| What needs to be done |
Write out each record below exactly as it appears, with no pictures.
▽
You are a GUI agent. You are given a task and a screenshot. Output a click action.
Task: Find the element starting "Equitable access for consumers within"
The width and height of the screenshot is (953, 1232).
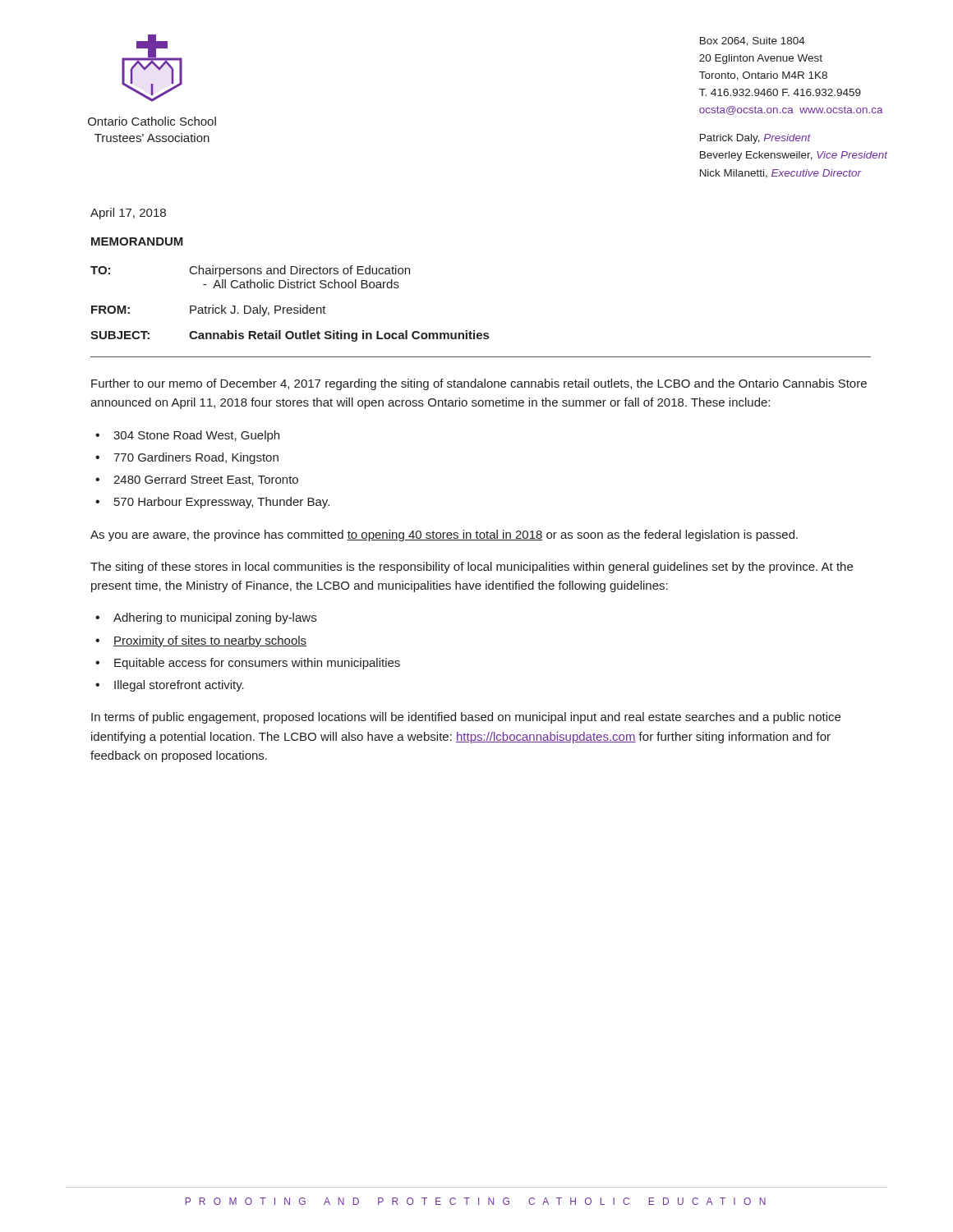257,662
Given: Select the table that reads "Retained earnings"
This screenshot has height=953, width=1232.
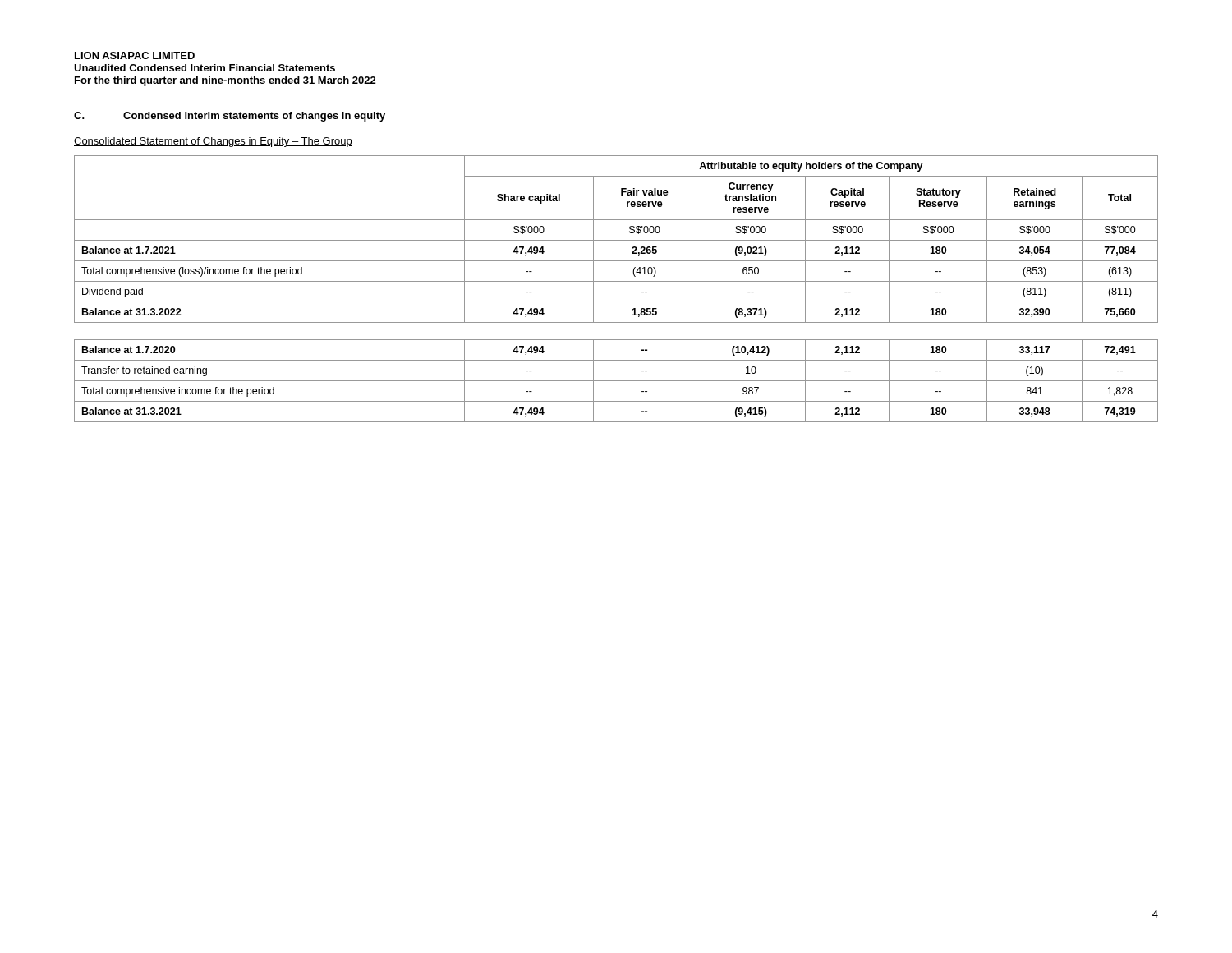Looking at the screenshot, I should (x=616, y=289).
△
| Response to this exercise |
You are a GUI agent. You are given a task and a screenshot. Output a click action.
Task: Find the element starting "Equitable access for consumers within"
The width and height of the screenshot is (953, 1232).
257,662
Given: Select the table that reads "Retained earnings"
This screenshot has height=953, width=1232.
Looking at the screenshot, I should (x=616, y=289).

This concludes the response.